▸ Work to complete
From the line containing "Horizontal field of view: 26.2 degrees." to the final line of the entries, every line is to be reproduced exactly; no other line belongs in the output.

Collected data
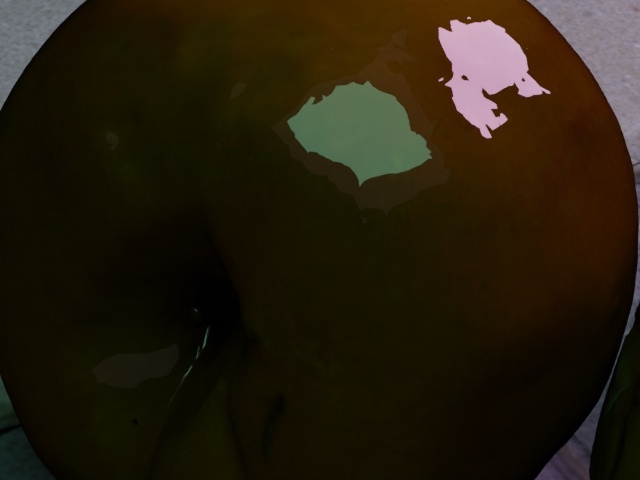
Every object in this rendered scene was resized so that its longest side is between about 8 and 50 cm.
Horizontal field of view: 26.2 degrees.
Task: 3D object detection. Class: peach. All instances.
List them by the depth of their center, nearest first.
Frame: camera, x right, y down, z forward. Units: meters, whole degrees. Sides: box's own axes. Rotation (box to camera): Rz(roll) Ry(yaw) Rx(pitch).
[{"bbox_3d":[0.000,0.000,0.725,0.342,0.343,0.301,27,24,21],"label":"peach"}]

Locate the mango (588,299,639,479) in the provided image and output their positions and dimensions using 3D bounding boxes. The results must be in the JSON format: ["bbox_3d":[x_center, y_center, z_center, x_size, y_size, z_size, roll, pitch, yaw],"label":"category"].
[{"bbox_3d":[0.230,0.090,0.643,0.182,0.365,0.253,18,11,6],"label":"mango"}]

▸ Response
Horizontal field of view: 26.2 degrees.
Task: 3D object detection. Class: peach. All instances.
List them by the depth of their center, nearest first.
Frame: camera, x right, y down, z forward. Units: meters, whole degrees. Sides: box's own axes. Rotation (box to camera): Rz(roll) Ry(yaw) Rx(pitch).
[{"bbox_3d":[0.000,0.000,0.725,0.342,0.343,0.301,27,24,21],"label":"peach"}]

Locate the mango (588,299,639,479) in the provided image and output their positions and dimensions using 3D bounding boxes. The results must be in the JSON format: ["bbox_3d":[x_center, y_center, z_center, x_size, y_size, z_size, roll, pitch, yaw],"label":"category"].
[{"bbox_3d":[0.230,0.090,0.643,0.182,0.365,0.253,18,11,6],"label":"mango"}]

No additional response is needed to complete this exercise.